● **EXERCISE REQUIREMENTS**
Your job with the data below: print everything from the line that holds "What object is" down to the line that holds "Answer the question", ends included, exactly, and nothing else.

═════ SUPPLIED ENTRIES

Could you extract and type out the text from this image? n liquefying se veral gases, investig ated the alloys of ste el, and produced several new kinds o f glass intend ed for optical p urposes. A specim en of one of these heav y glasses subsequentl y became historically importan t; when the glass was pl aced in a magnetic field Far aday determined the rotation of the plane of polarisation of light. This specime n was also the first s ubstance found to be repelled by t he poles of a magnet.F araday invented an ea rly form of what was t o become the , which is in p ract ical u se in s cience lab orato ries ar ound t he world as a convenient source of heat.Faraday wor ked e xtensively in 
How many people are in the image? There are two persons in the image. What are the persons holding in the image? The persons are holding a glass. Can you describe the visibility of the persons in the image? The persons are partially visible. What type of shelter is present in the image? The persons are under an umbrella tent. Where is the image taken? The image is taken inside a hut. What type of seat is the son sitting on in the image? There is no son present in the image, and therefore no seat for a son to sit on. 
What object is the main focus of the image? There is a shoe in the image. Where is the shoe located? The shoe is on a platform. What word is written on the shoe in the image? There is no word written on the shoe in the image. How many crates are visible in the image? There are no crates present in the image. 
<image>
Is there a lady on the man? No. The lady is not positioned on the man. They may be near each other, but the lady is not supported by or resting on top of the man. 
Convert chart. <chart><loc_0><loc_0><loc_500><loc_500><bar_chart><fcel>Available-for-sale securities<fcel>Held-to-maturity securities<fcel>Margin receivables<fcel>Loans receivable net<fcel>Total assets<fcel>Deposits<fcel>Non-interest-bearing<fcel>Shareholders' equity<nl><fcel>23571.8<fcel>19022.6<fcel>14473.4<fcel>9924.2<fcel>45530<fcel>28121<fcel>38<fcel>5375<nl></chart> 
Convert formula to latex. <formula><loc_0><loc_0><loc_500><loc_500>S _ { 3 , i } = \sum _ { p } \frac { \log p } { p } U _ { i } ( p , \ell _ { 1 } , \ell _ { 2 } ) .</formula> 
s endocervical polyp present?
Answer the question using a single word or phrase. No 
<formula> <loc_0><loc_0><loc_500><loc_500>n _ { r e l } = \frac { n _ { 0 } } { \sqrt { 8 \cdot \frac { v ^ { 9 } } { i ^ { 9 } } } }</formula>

══════════

● **TASK RESULT**
What object is the main focus of the image? There is a shoe in the image. Where is the shoe located? The shoe is on a platform. What word is written on the shoe in the image? There is no word written on the shoe in the image. How many crates are visible in the image? There are no crates present in the image. 
<image>
Is there a lady on the man? No. The lady is not positioned on the man. They may be near each other, but the lady is not supported by or resting on top of the man. 
Convert chart. <chart><loc_0><loc_0><loc_500><loc_500><bar_chart><fcel>Available-for-sale securities<fcel>Held-to-maturity securities<fcel>Margin receivables<fcel>Loans receivable net<fcel>Total assets<fcel>Deposits<fcel>Non-interest-bearing<fcel>Shareholders' equity<nl><fcel>23571.8<fcel>19022.6<fcel>14473.4<fcel>9924.2<fcel>45530<fcel>28121<fcel>38<fcel>5375<nl></chart> 
Convert formula to latex. <formula><loc_0><loc_0><loc_500><loc_500>S _ { 3 , i } = \sum _ { p } \frac { \log p } { p } U _ { i } ( p , \ell _ { 1 } , \ell _ { 2 } ) .</formula> 
s endocervical polyp present?
Answer the question using a single word or phrase. No 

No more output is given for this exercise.